THE DATA
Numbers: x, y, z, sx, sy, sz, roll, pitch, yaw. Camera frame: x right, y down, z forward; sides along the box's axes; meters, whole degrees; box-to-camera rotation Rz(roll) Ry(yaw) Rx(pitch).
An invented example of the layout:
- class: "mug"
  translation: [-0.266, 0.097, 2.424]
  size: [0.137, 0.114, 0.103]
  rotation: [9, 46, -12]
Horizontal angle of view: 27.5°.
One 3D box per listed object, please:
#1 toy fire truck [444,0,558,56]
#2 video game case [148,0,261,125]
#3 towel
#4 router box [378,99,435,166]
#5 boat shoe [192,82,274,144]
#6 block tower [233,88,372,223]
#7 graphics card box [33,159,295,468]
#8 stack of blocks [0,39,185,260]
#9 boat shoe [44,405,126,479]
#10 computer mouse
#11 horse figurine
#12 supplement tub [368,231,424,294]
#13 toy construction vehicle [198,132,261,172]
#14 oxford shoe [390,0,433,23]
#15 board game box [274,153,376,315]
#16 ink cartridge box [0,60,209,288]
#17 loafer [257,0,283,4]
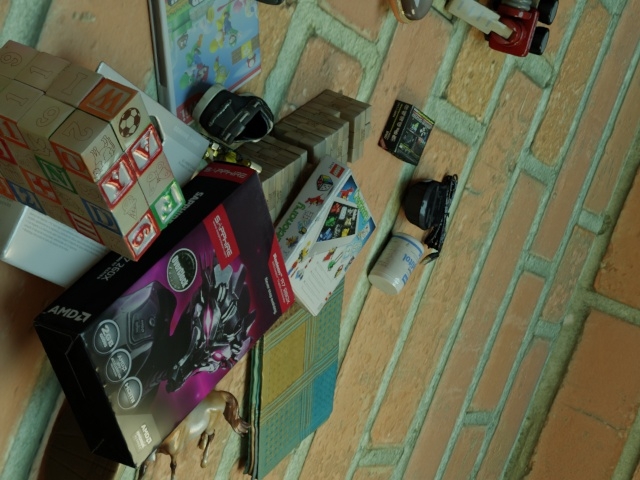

TASK STATEMENT
Everything in the data except the pictures needs to be written out exactly.

RESPONSE TO THIS EXERCISE
Numbers: x, y, z, sx, sy, sz, roll, pitch, yaw. Camera frame: x right, y down, z forward; sides along the box's axes; meters, whole degrees; box-to-camera rotation Rz(roll) Ry(yaw) Rx(pitch).
An invented example of the layout:
- class: "mug"
  translation: [-0.266, 0.097, 2.424]
  size: [0.137, 0.114, 0.103]
  rotation: [9, 46, -12]
Horizontal angle of view: 27.5°.
One 3D box per listed object, please:
#1 toy fire truck [444,0,558,56]
#2 video game case [148,0,261,125]
#3 towel
#4 router box [378,99,435,166]
#5 boat shoe [192,82,274,144]
#6 block tower [233,88,372,223]
#7 graphics card box [33,159,295,468]
#8 stack of blocks [0,39,185,260]
#9 boat shoe [44,405,126,479]
#10 computer mouse
#11 horse figurine
#12 supplement tub [368,231,424,294]
#13 toy construction vehicle [198,132,261,172]
#14 oxford shoe [390,0,433,23]
#15 board game box [274,153,376,315]
#16 ink cartridge box [0,60,209,288]
#17 loafer [257,0,283,4]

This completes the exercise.